Now it was clear — Rock wasn’t in the Pryor turn of his career, turning trauma into truth. This was the move George Carlin made to regain relevance, tapping into inner anger and righteous indignation. Carlin’s own humiliation — with other comics ridiculing routines that had become hacky — made him resolve to dig deeper into the things in our culture that he detested. Rock played a similar card last night, but with a twist: The anger he expressed wasn’t a universal outcry about what’s wrong with our idiotic world. It was personal.

And because it was Rock’s anger — not the comic speaking for us, but for himself — the turn didn’t work nearly as well. There was something undeniably thrilling about watching Rock land haymaker after haymaker, the same way watching Mike Tyson drive someone’s nose into the back of their skull was so electrifying. But after the adrenaline rush wears off, some amount of shame sets in. Did I just watch that for my own entertainment?

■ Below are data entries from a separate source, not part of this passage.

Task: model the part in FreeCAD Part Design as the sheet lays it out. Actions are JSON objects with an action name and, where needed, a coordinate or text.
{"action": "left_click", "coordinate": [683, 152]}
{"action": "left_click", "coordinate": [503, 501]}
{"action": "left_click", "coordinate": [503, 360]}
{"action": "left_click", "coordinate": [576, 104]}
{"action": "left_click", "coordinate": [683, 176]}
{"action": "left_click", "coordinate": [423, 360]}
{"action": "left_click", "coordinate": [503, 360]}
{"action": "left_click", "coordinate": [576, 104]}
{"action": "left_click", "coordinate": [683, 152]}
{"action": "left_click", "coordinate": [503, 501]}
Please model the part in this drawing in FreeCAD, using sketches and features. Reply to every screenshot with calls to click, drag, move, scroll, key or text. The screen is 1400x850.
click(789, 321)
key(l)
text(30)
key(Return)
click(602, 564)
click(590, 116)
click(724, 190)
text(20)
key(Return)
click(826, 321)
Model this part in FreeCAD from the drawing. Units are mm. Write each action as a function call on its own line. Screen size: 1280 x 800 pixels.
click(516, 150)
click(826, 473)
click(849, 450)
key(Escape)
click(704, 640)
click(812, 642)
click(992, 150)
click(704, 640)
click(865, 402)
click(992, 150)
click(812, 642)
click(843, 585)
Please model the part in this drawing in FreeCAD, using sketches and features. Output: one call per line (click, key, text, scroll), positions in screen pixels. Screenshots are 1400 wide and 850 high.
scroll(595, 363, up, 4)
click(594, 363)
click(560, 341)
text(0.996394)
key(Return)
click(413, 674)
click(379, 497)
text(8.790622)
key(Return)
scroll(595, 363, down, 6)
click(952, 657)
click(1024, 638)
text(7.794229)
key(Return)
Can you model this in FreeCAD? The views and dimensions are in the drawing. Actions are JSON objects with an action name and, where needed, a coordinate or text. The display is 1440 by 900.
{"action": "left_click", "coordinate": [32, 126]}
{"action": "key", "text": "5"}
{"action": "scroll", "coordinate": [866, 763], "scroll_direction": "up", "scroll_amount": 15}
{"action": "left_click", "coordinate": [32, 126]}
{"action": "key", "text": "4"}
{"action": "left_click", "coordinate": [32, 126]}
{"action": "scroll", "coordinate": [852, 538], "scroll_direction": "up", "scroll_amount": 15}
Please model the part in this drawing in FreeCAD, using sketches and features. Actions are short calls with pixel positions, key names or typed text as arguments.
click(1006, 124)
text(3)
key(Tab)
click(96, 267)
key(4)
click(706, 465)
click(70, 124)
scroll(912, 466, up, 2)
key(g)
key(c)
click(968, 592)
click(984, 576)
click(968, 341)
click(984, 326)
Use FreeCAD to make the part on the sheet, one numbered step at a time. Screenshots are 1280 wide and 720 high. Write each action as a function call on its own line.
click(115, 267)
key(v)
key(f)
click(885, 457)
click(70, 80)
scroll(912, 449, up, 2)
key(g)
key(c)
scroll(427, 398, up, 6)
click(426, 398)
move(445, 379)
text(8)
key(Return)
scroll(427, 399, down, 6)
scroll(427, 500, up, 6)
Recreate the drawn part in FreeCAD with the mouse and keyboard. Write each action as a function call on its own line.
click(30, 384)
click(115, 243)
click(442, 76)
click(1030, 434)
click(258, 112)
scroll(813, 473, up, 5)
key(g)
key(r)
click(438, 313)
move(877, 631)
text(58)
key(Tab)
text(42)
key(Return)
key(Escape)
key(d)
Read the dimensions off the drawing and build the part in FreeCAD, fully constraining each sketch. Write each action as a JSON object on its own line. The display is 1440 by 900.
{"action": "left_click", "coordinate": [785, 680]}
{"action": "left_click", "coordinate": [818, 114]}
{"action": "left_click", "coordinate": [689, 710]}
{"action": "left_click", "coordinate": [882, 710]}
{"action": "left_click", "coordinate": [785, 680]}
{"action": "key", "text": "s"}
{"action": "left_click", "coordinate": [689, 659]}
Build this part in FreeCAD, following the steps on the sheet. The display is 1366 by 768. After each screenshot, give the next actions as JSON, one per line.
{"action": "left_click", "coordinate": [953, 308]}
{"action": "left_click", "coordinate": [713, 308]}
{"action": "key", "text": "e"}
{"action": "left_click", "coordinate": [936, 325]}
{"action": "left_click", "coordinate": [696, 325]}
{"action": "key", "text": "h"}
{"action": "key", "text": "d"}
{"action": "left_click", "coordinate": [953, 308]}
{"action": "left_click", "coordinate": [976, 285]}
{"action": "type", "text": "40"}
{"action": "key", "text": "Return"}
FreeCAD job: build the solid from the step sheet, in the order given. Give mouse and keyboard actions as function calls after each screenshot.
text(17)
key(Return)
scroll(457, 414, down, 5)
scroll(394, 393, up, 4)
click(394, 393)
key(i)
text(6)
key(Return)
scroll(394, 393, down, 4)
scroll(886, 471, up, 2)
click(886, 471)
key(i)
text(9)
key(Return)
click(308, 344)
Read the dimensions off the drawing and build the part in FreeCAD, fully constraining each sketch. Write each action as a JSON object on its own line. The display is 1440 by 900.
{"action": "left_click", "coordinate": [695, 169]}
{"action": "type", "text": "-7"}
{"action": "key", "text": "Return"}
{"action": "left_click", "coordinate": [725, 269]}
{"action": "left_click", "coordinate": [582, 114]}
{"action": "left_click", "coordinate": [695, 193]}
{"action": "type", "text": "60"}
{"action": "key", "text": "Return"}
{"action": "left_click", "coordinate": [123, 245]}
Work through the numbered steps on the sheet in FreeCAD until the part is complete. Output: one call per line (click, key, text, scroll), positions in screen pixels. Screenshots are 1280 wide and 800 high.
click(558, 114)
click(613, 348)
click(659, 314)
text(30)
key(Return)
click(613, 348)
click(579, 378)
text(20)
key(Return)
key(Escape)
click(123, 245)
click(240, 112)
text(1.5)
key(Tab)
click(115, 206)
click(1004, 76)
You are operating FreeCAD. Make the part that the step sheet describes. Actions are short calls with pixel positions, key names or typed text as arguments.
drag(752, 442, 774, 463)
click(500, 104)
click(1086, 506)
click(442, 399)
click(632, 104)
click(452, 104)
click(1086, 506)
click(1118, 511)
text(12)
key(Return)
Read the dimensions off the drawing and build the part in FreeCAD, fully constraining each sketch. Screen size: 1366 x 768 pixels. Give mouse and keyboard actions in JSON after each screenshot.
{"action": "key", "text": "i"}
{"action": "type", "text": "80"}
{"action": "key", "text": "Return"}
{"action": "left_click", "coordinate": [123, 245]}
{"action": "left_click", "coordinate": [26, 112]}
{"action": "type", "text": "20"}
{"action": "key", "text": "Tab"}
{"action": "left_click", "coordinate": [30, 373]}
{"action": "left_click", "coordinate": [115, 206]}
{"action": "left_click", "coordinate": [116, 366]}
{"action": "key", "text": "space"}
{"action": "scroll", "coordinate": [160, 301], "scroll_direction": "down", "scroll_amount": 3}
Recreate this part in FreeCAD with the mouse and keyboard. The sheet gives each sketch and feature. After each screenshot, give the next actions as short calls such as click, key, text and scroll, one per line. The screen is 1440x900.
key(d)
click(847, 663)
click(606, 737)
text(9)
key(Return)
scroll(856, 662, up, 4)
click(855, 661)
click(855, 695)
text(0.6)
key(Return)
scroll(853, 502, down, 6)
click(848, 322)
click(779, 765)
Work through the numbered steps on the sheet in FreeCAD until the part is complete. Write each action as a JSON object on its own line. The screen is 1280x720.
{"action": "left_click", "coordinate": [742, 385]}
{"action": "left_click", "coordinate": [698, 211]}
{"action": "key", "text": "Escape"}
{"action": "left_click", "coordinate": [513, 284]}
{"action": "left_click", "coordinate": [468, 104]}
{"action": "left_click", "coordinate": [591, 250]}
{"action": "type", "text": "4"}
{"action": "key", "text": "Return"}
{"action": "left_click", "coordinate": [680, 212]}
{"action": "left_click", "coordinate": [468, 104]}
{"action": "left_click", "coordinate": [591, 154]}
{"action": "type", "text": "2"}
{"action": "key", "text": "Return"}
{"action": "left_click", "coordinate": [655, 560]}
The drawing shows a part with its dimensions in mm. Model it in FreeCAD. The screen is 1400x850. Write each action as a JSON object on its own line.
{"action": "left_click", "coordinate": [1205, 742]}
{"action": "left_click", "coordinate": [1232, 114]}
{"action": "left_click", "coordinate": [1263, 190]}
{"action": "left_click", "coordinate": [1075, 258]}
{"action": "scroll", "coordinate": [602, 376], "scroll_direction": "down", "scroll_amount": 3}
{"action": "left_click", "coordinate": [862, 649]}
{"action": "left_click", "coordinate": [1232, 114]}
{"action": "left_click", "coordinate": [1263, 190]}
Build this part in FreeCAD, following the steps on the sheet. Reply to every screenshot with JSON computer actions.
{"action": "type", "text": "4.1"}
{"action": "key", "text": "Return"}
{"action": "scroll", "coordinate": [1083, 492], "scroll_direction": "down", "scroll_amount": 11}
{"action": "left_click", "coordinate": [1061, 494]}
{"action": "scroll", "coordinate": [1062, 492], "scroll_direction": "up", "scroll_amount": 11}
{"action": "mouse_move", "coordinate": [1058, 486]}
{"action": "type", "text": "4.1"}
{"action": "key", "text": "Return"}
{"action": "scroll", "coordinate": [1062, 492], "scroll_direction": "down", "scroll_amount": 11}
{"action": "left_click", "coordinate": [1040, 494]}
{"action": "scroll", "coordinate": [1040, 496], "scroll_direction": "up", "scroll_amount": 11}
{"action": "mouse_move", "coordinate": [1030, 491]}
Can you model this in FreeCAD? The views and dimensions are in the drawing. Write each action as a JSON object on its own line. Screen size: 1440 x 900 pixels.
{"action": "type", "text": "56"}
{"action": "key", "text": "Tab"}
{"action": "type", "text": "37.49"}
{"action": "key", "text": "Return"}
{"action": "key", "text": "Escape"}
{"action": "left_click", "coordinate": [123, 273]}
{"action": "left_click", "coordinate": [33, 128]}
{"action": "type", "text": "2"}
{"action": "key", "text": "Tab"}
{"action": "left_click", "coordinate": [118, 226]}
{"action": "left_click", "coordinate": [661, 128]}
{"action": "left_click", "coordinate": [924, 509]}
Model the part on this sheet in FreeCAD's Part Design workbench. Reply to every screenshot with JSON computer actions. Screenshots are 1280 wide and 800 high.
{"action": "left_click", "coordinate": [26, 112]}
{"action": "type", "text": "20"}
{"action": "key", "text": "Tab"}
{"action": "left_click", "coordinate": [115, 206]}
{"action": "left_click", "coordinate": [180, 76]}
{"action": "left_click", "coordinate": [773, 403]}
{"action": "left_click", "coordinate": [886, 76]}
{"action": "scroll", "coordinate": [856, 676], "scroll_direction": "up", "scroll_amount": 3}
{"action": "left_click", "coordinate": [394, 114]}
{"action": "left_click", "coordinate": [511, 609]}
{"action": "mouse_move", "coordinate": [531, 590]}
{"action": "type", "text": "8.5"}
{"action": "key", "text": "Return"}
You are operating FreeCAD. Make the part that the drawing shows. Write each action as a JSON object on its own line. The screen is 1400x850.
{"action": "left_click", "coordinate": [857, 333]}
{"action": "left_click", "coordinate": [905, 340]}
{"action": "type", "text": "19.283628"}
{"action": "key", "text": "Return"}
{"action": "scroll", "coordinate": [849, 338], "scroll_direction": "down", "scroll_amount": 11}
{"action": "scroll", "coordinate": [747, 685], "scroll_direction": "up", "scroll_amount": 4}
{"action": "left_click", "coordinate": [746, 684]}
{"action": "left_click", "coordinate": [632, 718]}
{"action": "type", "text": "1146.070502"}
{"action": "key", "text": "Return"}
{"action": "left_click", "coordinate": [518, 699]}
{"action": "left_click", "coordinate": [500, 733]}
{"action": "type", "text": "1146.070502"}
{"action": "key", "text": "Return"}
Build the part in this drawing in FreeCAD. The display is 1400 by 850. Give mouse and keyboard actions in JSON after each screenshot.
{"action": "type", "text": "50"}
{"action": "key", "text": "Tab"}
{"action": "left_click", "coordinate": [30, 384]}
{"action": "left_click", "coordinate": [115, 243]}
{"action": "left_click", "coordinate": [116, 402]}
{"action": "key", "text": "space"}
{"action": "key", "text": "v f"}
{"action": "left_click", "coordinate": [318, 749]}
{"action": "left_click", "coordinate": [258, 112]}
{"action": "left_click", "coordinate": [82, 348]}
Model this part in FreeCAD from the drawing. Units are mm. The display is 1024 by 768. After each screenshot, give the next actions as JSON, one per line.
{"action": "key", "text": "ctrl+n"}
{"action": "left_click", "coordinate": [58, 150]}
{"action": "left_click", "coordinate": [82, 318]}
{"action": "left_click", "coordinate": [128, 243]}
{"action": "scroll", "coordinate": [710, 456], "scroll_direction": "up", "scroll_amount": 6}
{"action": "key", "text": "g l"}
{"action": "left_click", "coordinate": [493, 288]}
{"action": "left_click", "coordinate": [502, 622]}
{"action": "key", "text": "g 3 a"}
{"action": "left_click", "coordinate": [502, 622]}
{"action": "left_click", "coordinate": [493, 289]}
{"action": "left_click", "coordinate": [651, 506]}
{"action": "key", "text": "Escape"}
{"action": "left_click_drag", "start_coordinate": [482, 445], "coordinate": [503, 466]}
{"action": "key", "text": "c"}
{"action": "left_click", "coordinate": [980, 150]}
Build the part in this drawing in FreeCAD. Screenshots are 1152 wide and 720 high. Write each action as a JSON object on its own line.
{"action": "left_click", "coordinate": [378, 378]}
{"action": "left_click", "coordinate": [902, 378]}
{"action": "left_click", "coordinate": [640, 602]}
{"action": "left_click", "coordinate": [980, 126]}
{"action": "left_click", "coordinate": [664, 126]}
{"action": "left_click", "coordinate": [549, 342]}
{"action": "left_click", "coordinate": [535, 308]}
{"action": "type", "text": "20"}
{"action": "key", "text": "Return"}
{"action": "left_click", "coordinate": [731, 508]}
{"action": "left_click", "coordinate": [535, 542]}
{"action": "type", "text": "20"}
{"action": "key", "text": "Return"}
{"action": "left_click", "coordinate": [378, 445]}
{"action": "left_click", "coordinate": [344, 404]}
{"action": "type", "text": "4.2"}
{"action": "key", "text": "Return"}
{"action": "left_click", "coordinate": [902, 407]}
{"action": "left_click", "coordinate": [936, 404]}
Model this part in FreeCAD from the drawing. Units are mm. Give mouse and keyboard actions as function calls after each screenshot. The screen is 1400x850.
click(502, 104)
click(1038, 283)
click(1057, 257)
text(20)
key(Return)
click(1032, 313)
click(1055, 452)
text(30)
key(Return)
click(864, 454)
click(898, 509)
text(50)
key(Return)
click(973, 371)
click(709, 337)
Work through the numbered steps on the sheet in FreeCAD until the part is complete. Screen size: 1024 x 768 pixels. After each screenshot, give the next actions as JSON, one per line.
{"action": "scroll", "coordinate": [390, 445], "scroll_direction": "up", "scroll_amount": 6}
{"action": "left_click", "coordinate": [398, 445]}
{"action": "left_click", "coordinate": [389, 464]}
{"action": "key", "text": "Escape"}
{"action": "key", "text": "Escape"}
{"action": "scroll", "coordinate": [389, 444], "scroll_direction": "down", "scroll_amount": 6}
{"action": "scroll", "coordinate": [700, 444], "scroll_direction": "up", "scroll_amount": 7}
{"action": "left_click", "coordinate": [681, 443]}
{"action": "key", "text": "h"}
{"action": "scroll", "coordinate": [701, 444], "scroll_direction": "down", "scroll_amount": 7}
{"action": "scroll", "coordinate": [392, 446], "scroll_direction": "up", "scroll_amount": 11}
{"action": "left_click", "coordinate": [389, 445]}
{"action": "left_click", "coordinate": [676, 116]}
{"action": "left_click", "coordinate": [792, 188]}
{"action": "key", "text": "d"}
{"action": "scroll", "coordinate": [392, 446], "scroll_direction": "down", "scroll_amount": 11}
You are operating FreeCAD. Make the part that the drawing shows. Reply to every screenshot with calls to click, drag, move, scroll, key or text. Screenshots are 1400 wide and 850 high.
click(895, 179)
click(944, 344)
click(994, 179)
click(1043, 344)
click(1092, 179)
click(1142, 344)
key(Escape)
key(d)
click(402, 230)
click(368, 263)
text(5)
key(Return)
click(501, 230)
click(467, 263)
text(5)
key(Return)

Rock accused many, and especially Smith, of selective outrage, being okay with some versions of injustice while being infuriated at others. Of course, he’s guilty of the same. His venom for other people who have hurt him — his ex-wife, for example — isn’t the fatal kind. But Rock absolutely selected his outrage last night. Maybe Smith got exactly what he deserved, but Rock didn’t create art in exacting his revenge. All we got to watch was a beatdown.